Pensando na problemática da poluição ambiental e seu impacto sobre a população humana, procura-se delinear as bases para uma metodologia de pesquisa visando identificar a espacialidade e os efeitos sinérgicos entre poluentes, causativos de doenças coletivas, utilizando Sistema de Informação Geográfico integrado a Banco de Dados Relacional.

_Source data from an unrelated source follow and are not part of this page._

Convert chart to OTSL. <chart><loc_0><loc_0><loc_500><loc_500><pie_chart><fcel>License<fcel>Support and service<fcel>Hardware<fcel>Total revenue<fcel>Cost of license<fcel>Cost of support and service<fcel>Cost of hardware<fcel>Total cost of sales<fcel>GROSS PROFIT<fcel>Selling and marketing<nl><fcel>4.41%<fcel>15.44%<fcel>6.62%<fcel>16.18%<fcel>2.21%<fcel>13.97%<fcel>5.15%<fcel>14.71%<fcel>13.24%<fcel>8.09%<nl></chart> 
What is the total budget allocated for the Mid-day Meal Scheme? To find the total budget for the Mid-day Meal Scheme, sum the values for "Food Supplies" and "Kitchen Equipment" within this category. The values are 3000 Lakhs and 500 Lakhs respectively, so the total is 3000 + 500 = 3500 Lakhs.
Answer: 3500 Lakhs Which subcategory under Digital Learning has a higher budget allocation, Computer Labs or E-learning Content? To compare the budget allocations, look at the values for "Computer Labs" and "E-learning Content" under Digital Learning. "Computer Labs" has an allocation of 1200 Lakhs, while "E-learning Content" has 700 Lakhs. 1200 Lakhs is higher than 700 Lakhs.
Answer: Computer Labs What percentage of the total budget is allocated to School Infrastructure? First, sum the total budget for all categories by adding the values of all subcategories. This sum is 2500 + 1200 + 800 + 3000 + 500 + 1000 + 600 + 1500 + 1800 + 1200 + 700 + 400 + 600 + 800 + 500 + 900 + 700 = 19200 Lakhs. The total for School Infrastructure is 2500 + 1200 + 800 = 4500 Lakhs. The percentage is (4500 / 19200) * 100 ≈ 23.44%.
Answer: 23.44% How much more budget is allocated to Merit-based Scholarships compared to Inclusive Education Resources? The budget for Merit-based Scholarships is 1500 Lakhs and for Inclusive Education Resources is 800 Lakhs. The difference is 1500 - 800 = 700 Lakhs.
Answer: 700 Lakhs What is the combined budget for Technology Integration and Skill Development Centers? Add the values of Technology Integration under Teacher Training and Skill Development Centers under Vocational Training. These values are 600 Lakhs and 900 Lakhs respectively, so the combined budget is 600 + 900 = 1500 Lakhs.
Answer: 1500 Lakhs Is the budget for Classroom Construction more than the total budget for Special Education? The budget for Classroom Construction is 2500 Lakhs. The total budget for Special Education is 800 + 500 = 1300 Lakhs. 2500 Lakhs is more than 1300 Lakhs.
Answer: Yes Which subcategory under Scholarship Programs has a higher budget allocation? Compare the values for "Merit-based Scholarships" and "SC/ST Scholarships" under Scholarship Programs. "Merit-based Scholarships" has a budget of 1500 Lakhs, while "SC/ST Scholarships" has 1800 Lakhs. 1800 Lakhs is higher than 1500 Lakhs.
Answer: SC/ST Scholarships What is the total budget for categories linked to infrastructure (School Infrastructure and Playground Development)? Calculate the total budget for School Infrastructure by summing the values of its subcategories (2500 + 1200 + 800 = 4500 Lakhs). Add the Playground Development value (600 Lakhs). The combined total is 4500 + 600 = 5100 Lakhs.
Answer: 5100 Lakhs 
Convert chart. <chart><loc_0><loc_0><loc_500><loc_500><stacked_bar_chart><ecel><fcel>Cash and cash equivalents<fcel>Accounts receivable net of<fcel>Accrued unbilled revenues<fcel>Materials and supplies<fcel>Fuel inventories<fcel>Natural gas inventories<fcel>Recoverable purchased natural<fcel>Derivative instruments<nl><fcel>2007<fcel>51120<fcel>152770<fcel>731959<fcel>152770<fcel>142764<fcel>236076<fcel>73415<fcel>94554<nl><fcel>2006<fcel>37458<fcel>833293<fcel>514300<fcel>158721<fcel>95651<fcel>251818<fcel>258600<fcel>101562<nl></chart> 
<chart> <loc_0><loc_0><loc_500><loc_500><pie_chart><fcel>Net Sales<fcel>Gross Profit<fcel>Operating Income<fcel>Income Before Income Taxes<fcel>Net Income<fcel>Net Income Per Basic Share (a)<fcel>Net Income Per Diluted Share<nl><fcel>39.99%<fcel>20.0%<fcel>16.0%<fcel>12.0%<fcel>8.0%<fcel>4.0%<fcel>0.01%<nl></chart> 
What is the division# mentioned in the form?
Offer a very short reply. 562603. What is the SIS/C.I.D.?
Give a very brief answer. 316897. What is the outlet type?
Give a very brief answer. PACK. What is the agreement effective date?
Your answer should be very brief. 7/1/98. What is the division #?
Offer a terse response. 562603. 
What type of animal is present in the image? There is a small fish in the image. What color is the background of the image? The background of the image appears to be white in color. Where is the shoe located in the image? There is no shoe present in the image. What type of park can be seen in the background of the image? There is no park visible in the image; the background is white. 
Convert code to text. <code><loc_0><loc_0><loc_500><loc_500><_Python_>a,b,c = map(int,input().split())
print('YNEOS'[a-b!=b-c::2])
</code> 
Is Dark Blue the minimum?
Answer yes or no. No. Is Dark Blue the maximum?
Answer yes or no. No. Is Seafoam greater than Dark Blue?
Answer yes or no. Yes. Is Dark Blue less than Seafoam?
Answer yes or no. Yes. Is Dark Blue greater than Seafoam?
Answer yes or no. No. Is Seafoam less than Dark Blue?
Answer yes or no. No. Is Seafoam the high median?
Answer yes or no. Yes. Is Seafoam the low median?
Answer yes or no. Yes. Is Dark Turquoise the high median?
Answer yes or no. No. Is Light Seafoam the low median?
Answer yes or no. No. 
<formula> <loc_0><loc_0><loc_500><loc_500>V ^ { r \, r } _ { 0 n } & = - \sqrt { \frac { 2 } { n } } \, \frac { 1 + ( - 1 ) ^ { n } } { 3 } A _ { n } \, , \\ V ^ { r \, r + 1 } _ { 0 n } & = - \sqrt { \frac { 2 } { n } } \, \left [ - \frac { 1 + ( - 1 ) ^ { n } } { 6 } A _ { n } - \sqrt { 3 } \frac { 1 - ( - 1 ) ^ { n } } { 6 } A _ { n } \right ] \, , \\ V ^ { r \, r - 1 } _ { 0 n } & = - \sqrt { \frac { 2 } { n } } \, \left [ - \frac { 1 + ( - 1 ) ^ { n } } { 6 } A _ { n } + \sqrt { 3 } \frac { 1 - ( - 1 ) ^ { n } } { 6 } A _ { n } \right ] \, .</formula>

Palavras-chave: Sistema de Informação Geográfico; poluição; saúde populacional


 

INTRODUÇÃO

 

Uma área de interesse crescente em questões ambientais refere-se aos danos à saúde humana provocados pelos resíduos industriais de modo geral, quer sejam emissões aéreas ou descargas em rios (7, 10, 11, 17). Tal problemática aumenta de importância para nós, nesta fase de globalização do capital, uma vez que a reorganização das estratégias produtivas tem levado a uma transferência de parte das instalações industriais para os países do Terceiro Mundo, na busca de mão-de-obra farta, de baixo-custo e com um sindicalismo frágil, disponibilidade de matéria-prima e energia, e inexistência de restrições formais contra a poluição e a degradação da qualidade de vida (2, 3, 4, 13). Concorrem para este cenário os interesses de governos locais na atração destas indústrias, oferecendo vantagens fiscais e de infra-estrutura que caracterizam um verdadeiro "canibalismo" entre os Estados ou entre os Municípios.

 

 

Poucas vozes neste processo são capazes de serem ouvidas no sentido de ponderar a corrida "desenvolvimentista" contra as consequências sobre a qualidade de vida da população, em especial sobre a sua saúde do ponto de vista médico. Diversos estudos identificam uma relação de causalidade entre doenças populacionais e atividades industriais particulares, ou seja, componentes químicos específicos presentes nas emissões. Naoum (12) cita o aumento da concentração no sangue de metahemoglobinas, sulfohemoglobinas e corpos de Heinz devido à poluição por óxidos de nitrogêncio e de enxofre. Kucinski (9) menciona a ocorrência de lesões graves de pele entre trabalhadores de uma fábrica de pentacloreto de fenol, suspeitas de anemia aplástica e incidência de má-formação congênita em Cubatão. A contaminação pelo mercúrio, que provoca lesões no sistema nervoso do homem, tendo se notabilizado pela tragédia da baía de Minamata, no Japão. Atualmente fala-se na tendência à leucopenia em áreas sob a influência de emissão de benzeno.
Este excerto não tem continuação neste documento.